Figure 3. The memory map at the point at which the linked list has two elements.
You should recall that each byte stores two hexadecimal digits and that on this 32-bit machine, pointers and int are each four bytes in size. On a 64-bit computer, the pointers would occupy eight bytes.
Question: how would the memory map in Figure 3 change if pop() is called?
Note: It is beyond the scope of this course, but Figure 3 assumes a big-endian architecture (the most-significant byte comes first). Some computers will save the four bytes in the reverse order (least-significant byte first) to optimize, for example, addition: by placing the least-significant byte first, addition may be done in order as the least-significant bytes are added first, followed by the next-most-significant bytes, etc.

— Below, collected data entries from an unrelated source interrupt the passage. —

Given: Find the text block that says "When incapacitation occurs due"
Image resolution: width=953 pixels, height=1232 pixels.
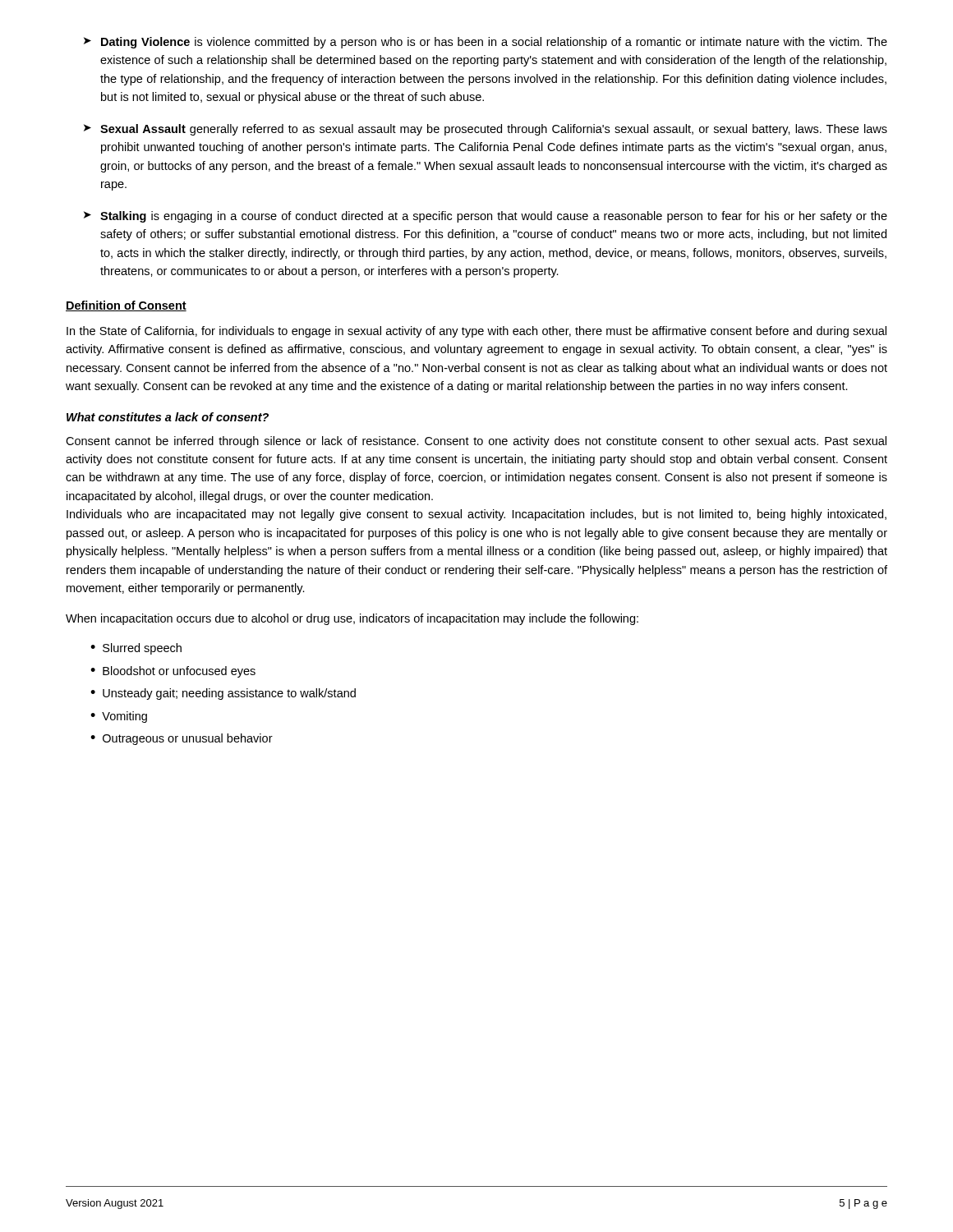Looking at the screenshot, I should 352,618.
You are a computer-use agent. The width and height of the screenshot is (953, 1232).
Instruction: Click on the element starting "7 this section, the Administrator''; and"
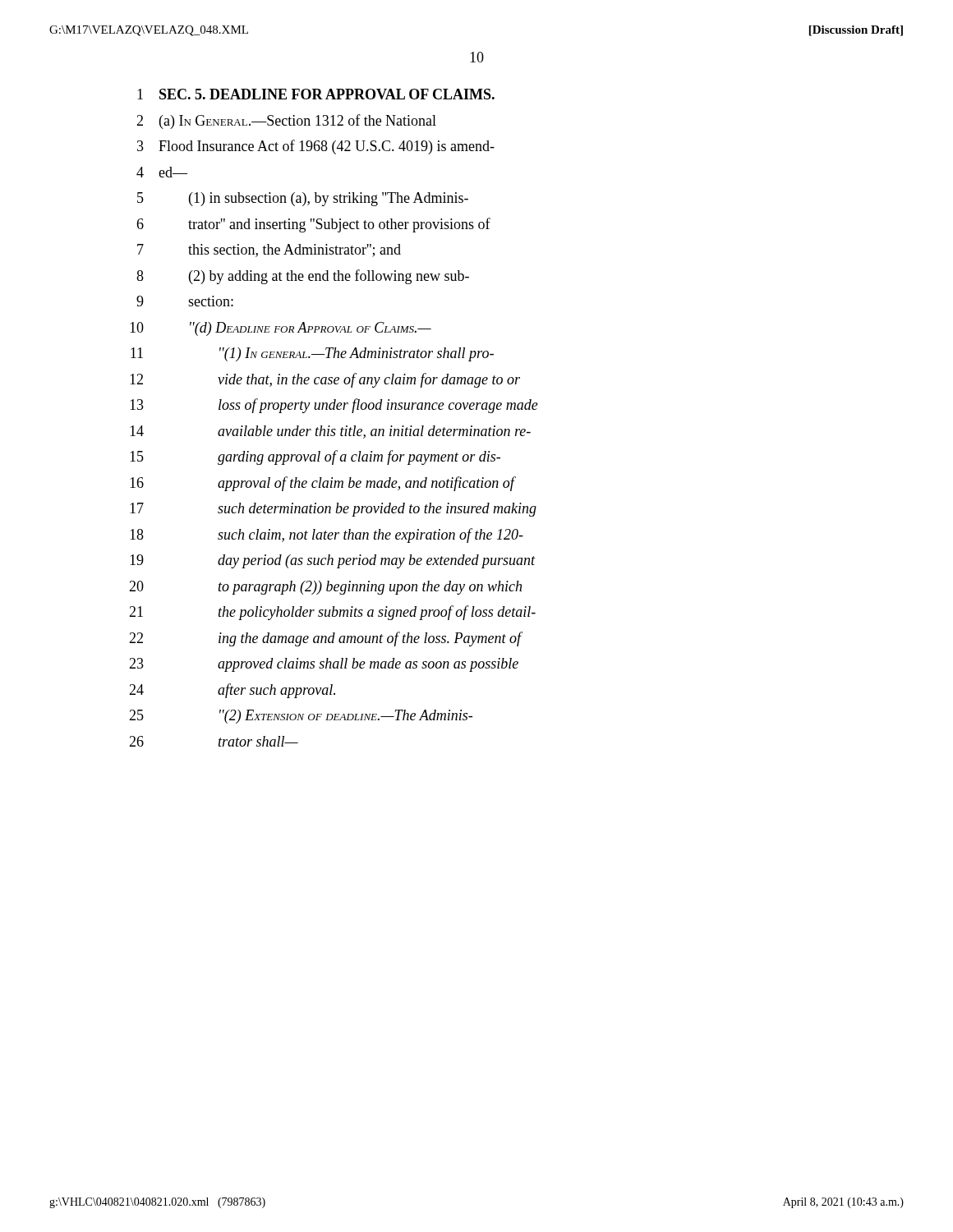pyautogui.click(x=269, y=251)
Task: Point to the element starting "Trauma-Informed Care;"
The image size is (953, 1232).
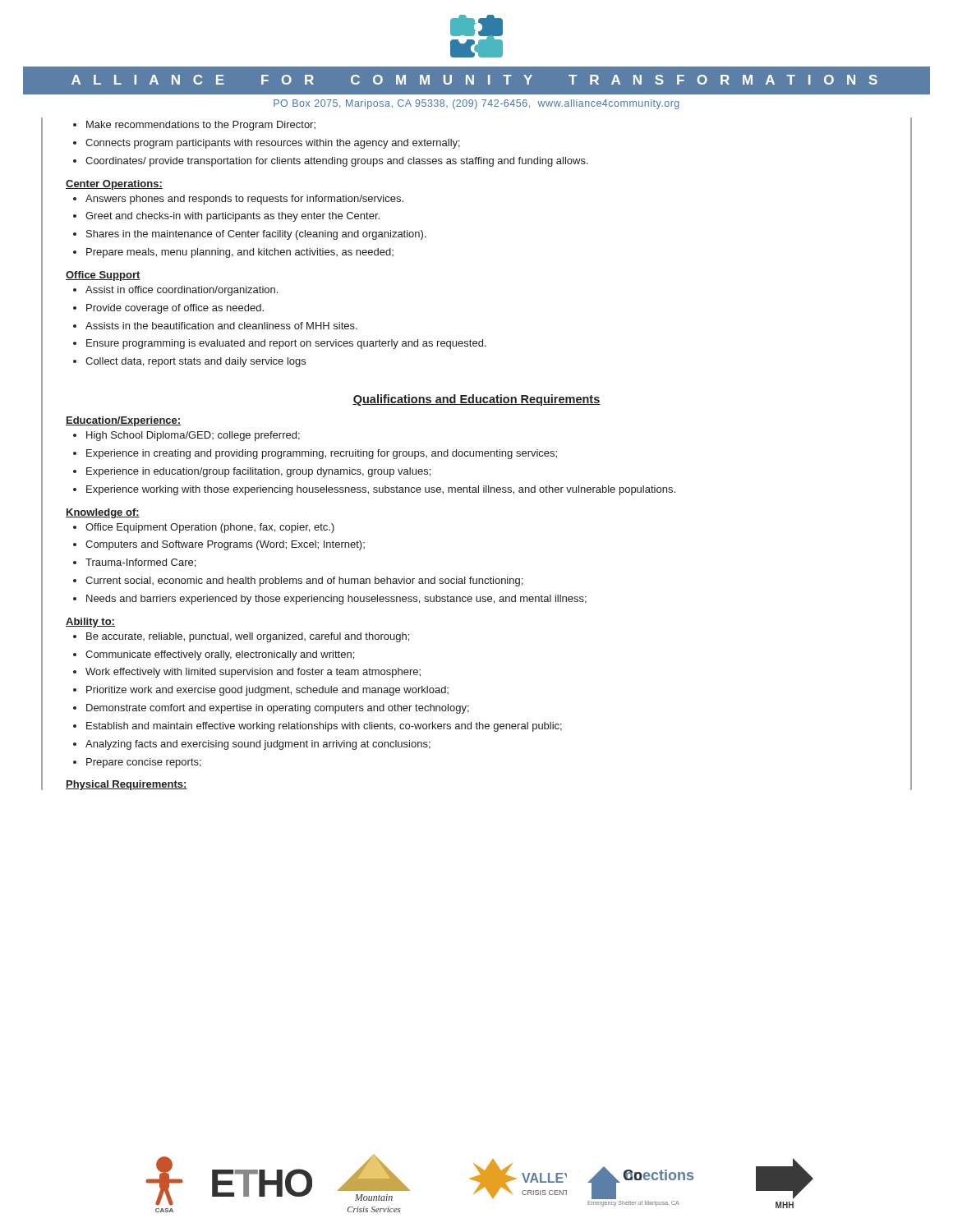Action: (x=141, y=562)

It is possible to declare a variable to be an arbitrary pointer:
void *ptr;
however, such a variable can never be de-referenced—the compiler does not know whether the address is that of a 4-byte integer, an 8-byte double, or some other data structure. Thus, if such an address is to be used, it must be first assigned to a pointer variable that has a type or it must be cast:
void *ptr; int *iptr = ptr; printf( "%d and %d\n", *iptr, *((int *)ptr) );
The second de-reference first has the local variable ptr cast to a pointer-to-an-integer (int *)ptr after which it can be de-referenced.
Add a function to the linked list described above which takes an argument and returns either true or false based on whether or not the argument is in the list. The signature for this function will be
bool member( struct List *, int );
and you will have to include the standard Boolean header file in your List.c file:
#include <stdbool.h>
otherwise, bool, true, and false will not be defined.